All the groups managed to demonstrate and talk about their project in a wrap up session at the end of the day. I was amazed. Not only were twenty PhD students exposed to a new programming language, their first version control system, and concepts such as defensive programming and testing in only two days. They were able to demonstrate that they had learned to use their new skills by undertaking collaborative programming project dealing with real data from the environmental sciences and get something working in only five hours.
We will be giving the course again in January and we collected feedback during and after the workshop to help us improve for the next iteration. The biggest trends in feedback across the course were "Git is hard" and "the IPython notebook is great". More detailed feedback from the end of the workshop included:
|Good points||Places to improve|
|the helpers||needed a general overview for Git, also pictures|
|practical session on day three||lost track of defensive programming|
|Git was taught and then used it in practice the next day||sometimes hard to read text (colours of text difficult)|
|iPython notebooks! good to type as we are going along||difficult to keep up when following along with terminal lessons (esp when writing files)|
|the hands on approach||could do with a Git/GitHub workflow model|
|working through whole examples end to end (in particular basemap)||got lost with Git|
|the pre course information - install instructions, install tests||we weren't introduced to dealing with [general] external files from python until near the end or in the practical part|
|the number and variety of helpers||much more engaged when doing practical examples (problem solving) rather than typing what someone else was typing|
|forced to do something for a whole day rather than listening and following||needed more stuff on shell scripting with regard to automating a process using a pipeline|
|good number of people. excellent ratio of helpers / students|
|good to rotate people between tables each day|
Overall, I think we probably spent a little too much time on basic shell at the start of day 1 (which most people had seen before) and should have planned to spend more time with Git (perhaps breaking the single two hour slot into two lessons, each with their own exercises). We will try to improve next time, but need to remember that the previous experience of the next group could be significantly different. We should also make sure that when we teach using the terminal, the text is large and clear (what is clear on a projector is different to what is clear on laptop display) and make more reference to some of the useful online help for git. For example, we did not show this or make very much reference to the online tutorial.
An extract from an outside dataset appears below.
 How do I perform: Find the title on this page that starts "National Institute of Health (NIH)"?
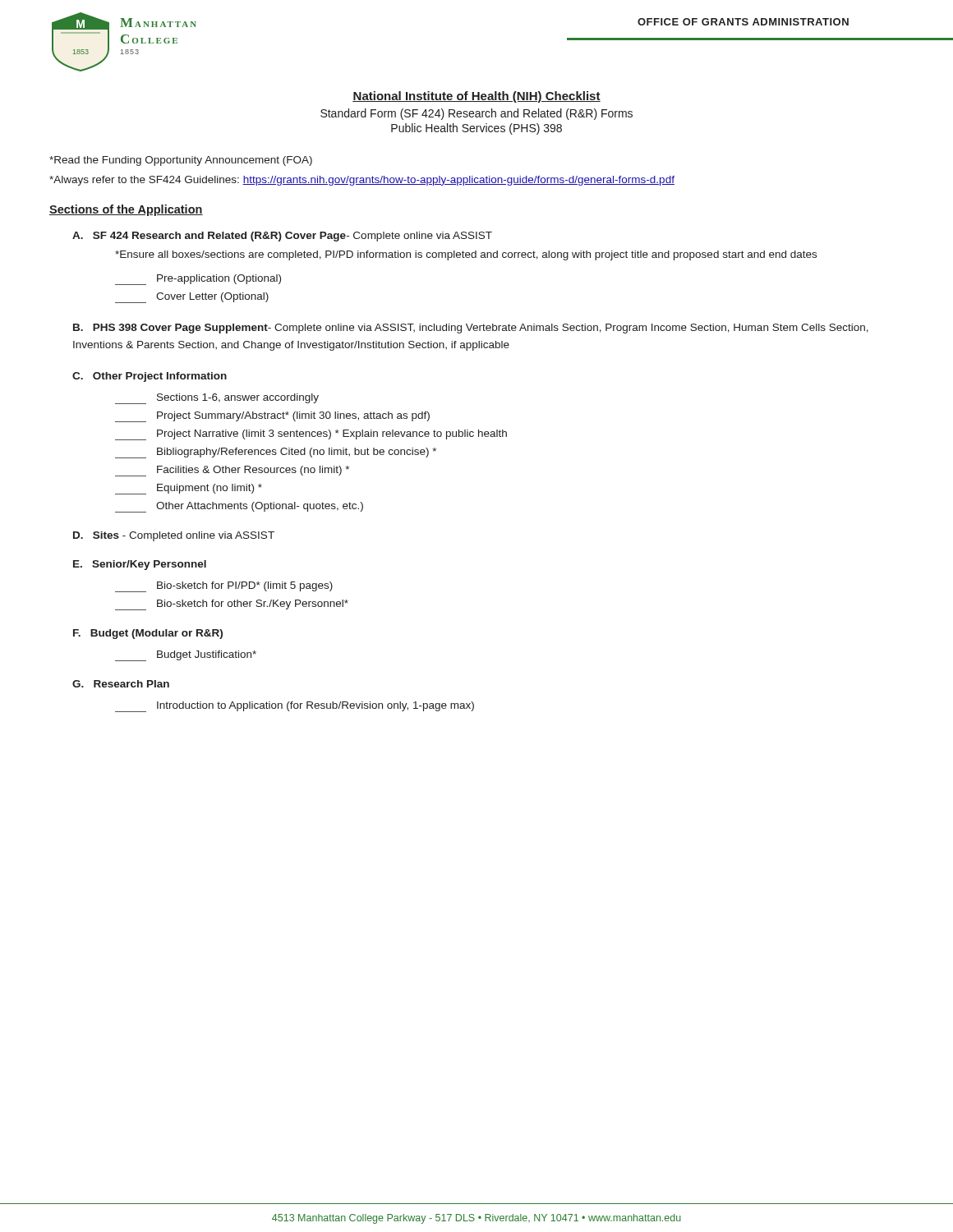[x=476, y=112]

NERC have just announced details of next year's ATSC scheme. Scientific computing is still on the list of key skills to be provided and we are starting to discuss a new application for funding. A major objective must be to attempt to embed this kind of training into the training experienced by of most of NERC's PhD students. Key to this would be to work with several of the institutions that host large doctoral training partnerships and seek to leave sufficient instructors and helpers in NERC's research community so that the DTPs will run their own training in the future. This may imply that we need to find and train more instructors.
We are looking forward to our second workshop in January. We will report on the modified material once we have given it another go, when we will need to work out the best way to make this widely available.